Trans debut novelist Petra Lord, whose YA fantasy Queen of Faces (Holt, Feb. 2026) involves characters who swap bodies, wanted to create a novel in which “being trans was fundamentally woven into the world” and “having a fluid identity is something no one questioned.” She argued that storytellers “shape culture whether we intend to or not” through popular culture.

“I didn’t know I was nonbinary until I was an adult, because I’d never heard that word before, and I didn’t know that was an option,” said em dickson, who uses the pronouns e/em/eir/she and is the author of Beyond They/Them: 20 Influential Nonbinary and Gender-Diverse People You Should Know (Andrews McMeel, out now), illustrated by Cameron Mukwa. “I didn’t even know about half these people before I started writing,” dickson said, saying queer stories must be retold.

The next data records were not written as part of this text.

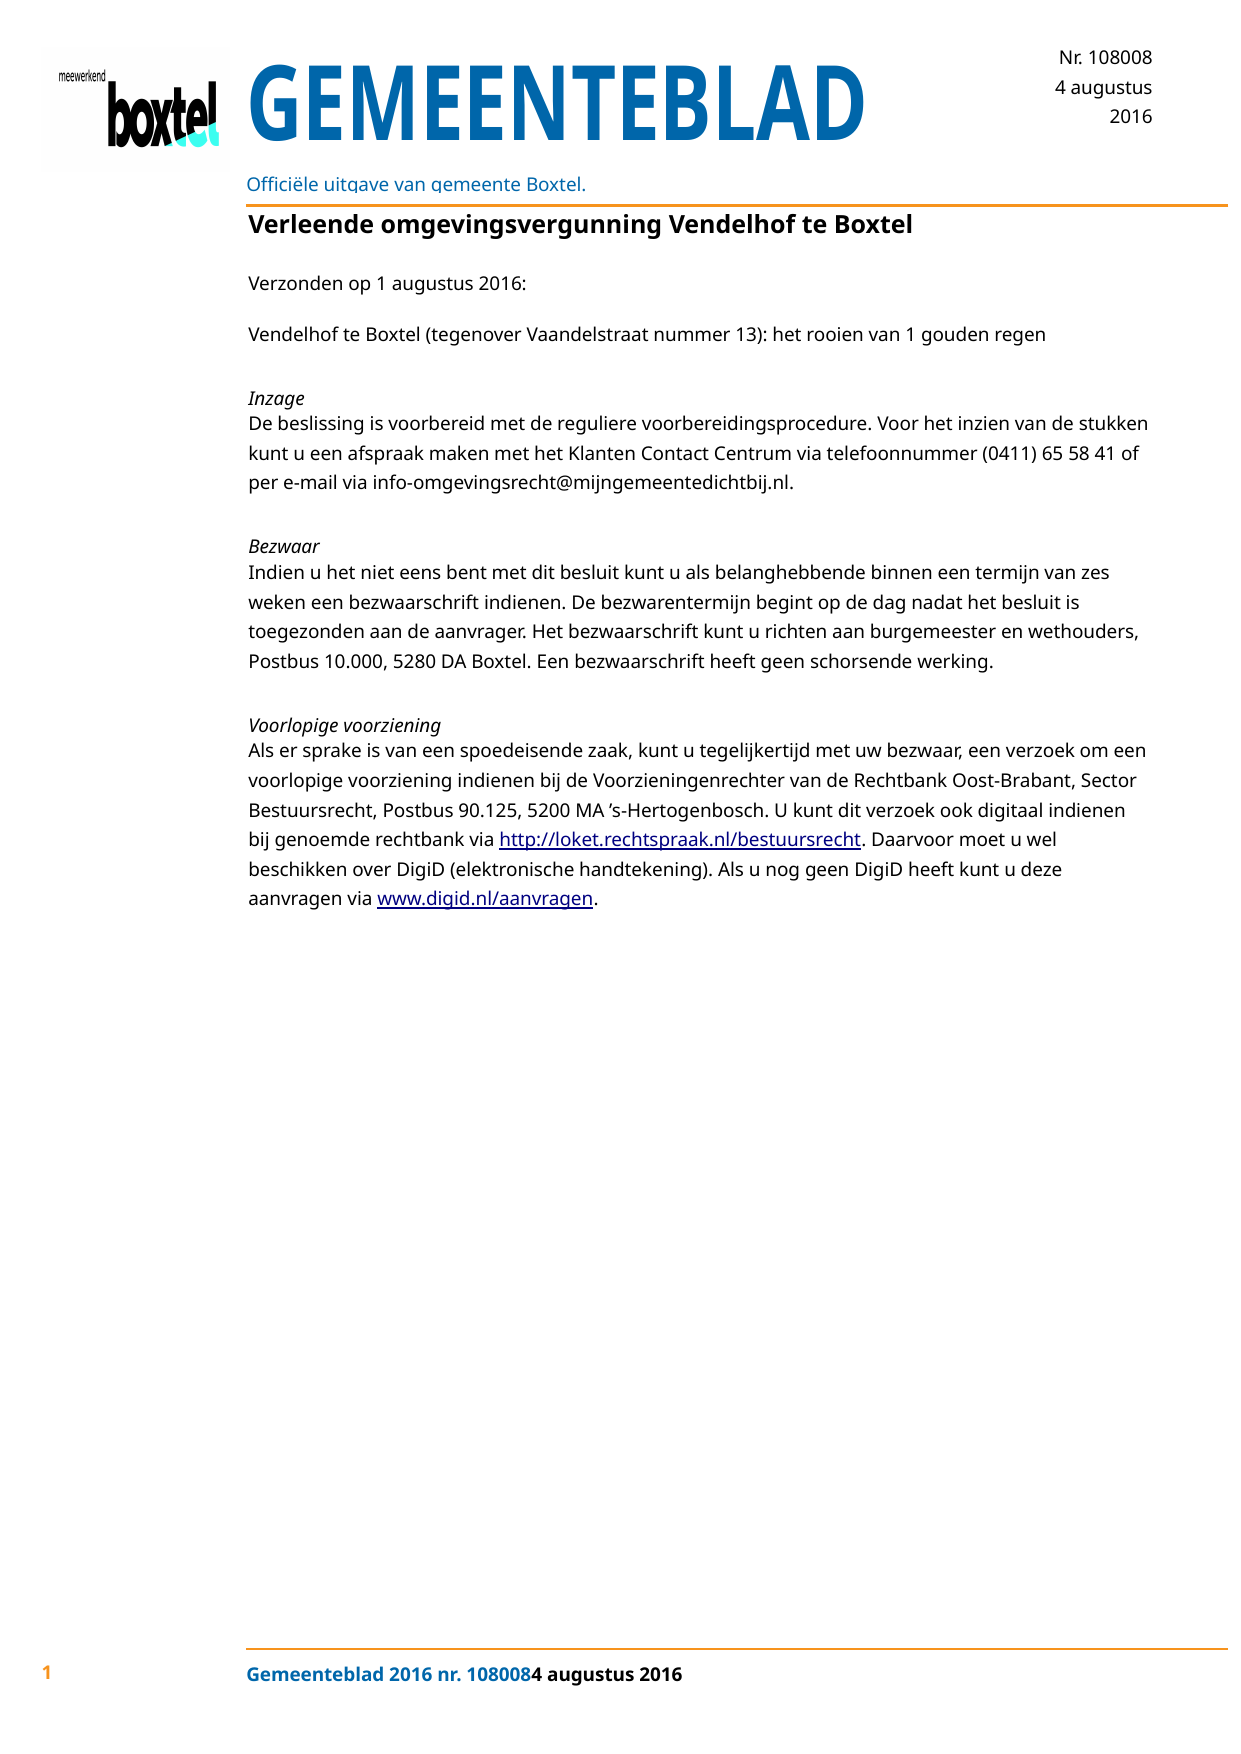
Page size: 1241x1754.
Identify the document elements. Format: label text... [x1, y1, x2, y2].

text Voorlopige voorziening [248, 712, 1152, 738]
text Inzage [248, 385, 1152, 410]
text Vendelhof te Boxtel (tegenover Vaandelstraat nummer 13): het rooien van 1 gouden regen [248, 321, 1152, 346]
text Bezwaar [248, 533, 1152, 559]
text Verzonden op 1 augustus 2016: [248, 270, 1152, 296]
text Indien u het niet eens bent met dit besluit kunt u als belanghebbende binnen een termijn van zes weken een bezwaarschrift indienen. De bezwarentermijn begint op de dag nadat het besluit is toegezonden aan de aanvrager. Het bezwaarschrift kunt u richten aan burgemeester en wethouders, Postbus 10.000, 5280 DA Boxtel. Een bezwaarschrift heeft geen schorsende werking. [248, 559, 1152, 674]
picture [41, 47, 231, 172]
text De beslissing is voorbereid met de reguliere voorbereidingsprocedure. Voor het inzien van de stukken kunt u een afspraak maken met het Klanten Contact Centrum via telefoonnummer (0411) 65 58 41 of per e-mail via info-omgevingsrecht@mijngemeentedichtbij.nl. [248, 410, 1152, 495]
text Verleende omgevingsvergunning Vendelhof te Boxtel [248, 207, 1152, 241]
text Als er sprake is van een spoedeisende zaak, kunt u tegelijkertijd met uw bezwaar, een verzoek om een voorlopige voorziening indienen bij de Voorzieningenrechter van de Rechtbank Oost-Brabant, Sector Bestuursrecht, Postbus 90.125, 5200 MA ’s-Hertogenbosch. U kunt dit verzoek ook digitaal indienen bij genoemde rechtbank via http://loket.rechtspraak.nl/bestuursrecht. Daarvoor moet u wel beschikken over DigiD (elektronische handtekening). Als u nog geen DigiD heeft kunt u deze aanvragen via www.digid.nl/aanvragen. [248, 738, 1152, 911]

Claribel Ortega, whose fourth Witchlings book will be Scepter of Memories (Scholastic Press, Sept.), talked about wanting to create a story about “the un-chosen one, the kid who’s left over and cast aside” and “the power, the magic" in that everyday existence. Ortega—echoing a point Stevenson made about “incidental representation” versus issue-driven stories—argued that a book need not provide an overt lesson. Instead, she thinks about “the way we internalize our stories,” and the pleasure of reading about characters with identities that reflect one’s own.

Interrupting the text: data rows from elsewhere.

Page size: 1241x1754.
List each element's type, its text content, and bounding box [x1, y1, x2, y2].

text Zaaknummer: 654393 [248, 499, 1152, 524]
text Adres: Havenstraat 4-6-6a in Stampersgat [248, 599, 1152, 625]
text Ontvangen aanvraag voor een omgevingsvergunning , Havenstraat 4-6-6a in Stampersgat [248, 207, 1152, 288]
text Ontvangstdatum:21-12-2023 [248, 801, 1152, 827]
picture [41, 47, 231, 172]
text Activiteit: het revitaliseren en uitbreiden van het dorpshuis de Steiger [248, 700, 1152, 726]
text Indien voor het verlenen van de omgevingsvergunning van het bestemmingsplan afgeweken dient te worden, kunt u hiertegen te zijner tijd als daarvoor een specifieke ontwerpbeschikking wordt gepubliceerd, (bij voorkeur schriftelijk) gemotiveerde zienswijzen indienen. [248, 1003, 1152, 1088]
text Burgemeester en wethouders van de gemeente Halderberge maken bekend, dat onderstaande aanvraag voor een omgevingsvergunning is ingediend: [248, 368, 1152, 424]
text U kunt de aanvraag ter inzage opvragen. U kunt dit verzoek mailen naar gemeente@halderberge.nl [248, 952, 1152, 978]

Themes of identity and power also resonated in “How Can I Be Brave?,” the Saturday, June 14, breakfast keynote by Authors Against Book Bans leadership team member Samira Ahmed, author of The Singular Life of Aria Patel (Little, Brown, out now). Leah Johnson (Freedom Fire), owner of Loudmouth Books in Indianapolis, introduced Ahmed by saying that young people’s literature is “more important now than ever,” and Ahmed’s often censored titles give us “blueprints for possible futures.”

Ahmed, referencing the rise of authoritarianism in the U.S., spoke about why readers love heroes. “We are so drawn to superheroes,” she said, and we want to believe we too would “go into the belly of the beast, slay the dragon. That moment is now,” in a politically divided nation.

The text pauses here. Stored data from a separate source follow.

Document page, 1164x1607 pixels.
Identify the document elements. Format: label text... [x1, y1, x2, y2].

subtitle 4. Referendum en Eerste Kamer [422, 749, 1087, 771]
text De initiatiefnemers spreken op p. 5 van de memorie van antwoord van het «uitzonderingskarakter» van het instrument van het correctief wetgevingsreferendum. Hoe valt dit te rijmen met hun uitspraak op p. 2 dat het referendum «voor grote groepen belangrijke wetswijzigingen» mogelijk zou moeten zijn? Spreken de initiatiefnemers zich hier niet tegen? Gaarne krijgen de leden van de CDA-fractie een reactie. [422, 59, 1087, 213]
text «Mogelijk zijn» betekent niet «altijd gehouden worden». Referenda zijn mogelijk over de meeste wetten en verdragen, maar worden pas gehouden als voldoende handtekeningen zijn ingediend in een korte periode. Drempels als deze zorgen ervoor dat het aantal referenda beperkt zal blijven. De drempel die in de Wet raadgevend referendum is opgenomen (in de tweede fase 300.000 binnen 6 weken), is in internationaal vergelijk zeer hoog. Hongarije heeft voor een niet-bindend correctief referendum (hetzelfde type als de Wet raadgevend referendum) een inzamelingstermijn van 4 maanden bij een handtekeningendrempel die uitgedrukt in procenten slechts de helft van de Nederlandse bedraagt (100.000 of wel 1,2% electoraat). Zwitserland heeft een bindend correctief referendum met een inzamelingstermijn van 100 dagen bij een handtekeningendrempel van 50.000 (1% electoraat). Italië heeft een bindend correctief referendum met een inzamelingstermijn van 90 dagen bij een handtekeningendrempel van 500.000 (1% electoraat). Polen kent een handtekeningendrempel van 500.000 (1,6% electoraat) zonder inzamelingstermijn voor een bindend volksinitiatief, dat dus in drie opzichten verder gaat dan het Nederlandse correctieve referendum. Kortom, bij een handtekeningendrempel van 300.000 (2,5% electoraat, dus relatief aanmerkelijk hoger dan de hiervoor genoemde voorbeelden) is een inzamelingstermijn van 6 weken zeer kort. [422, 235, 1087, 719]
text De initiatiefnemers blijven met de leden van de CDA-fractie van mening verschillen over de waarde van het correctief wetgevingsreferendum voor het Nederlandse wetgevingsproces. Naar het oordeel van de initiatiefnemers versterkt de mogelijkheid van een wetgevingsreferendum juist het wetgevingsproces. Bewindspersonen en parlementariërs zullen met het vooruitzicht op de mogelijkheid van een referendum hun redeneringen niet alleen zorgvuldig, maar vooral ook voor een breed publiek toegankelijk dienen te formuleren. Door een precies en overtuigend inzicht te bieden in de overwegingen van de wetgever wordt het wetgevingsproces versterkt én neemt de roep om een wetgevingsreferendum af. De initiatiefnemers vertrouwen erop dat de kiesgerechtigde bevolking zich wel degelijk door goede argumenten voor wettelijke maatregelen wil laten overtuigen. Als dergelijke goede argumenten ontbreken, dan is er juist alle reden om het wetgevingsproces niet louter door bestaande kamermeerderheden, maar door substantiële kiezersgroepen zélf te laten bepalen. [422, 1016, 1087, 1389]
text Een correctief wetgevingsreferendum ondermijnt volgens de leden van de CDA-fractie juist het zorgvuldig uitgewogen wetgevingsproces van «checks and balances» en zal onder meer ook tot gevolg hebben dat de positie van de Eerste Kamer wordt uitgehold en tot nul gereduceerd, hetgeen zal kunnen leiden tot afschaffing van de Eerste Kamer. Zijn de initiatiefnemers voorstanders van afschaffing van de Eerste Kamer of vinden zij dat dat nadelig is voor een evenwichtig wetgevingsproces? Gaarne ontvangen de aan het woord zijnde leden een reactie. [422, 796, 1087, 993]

“Bravery is a choice,” not a given, Ahmed told the audience, and bravery is “completely uncomfortable and often scary.” When she writes, she thinks about whether her characters will choose to be brave and “use their power and privilege for purpose.” Ahmed challenged the audience to think about their daily choices too. “Maybe that novel you just gave to a kid is going to save their life, and you’re never going to know it—that’s power,” she said. “What’s that one act, that one choice, we can make every day to make things better for that kid?”

Ahmed leavened her barnburner speech with wry humor. “I’m preaching to the choir, I know, but sometimes you just need a pep rally,” she admitted. “Every single one of you in this room is on the side of fighting ignorance,” whether by testifying at state legislatures or by “ensuring that every display you have is inclusive, even when you get the side-eye from customers. Our bookshelves should reflect our world.”

CI 2025 closed with a paean to picture books by the 2025–2026 National Ambassador for Young People’s Literature, Mac Barnett, introduced by Cathy Berner of Blue Willow Bookshop in Houston. Barnett is the author of books including The Three Billy Goats Gruff with illustrator Jon Klassen and the First Cat in Space series with illustrator Shawn Harris.

Barnett’s platform as ambassador is “Behold, the Picture Book!,” and he shared his philosophy with a like-minded crowd. “I think that the picture book is a great literary art form,” he said, describing picture books as hand-held theater performances, songs, or poetry, brought to life by the reader turning the pages. To convey the essential property of “words and pictures in tension with one another,” he shared Donald Crews’s suspenseful 1992 Shortcut, about a group of children walking home on a train track. He exhorted the audience to whistle the “whoo” of the unseen train, printed in the corner of the page and gradually increasing in urgency—a participatory activity that demonstrated the suspense of Crews's sequence.

“We have to believe children are worthy of art,” Barnett declared, firing a shot across the bow to non-believers in his picture book mission.

The next Children’s Institute will be held in June 2026 in Schaumburg, Ill.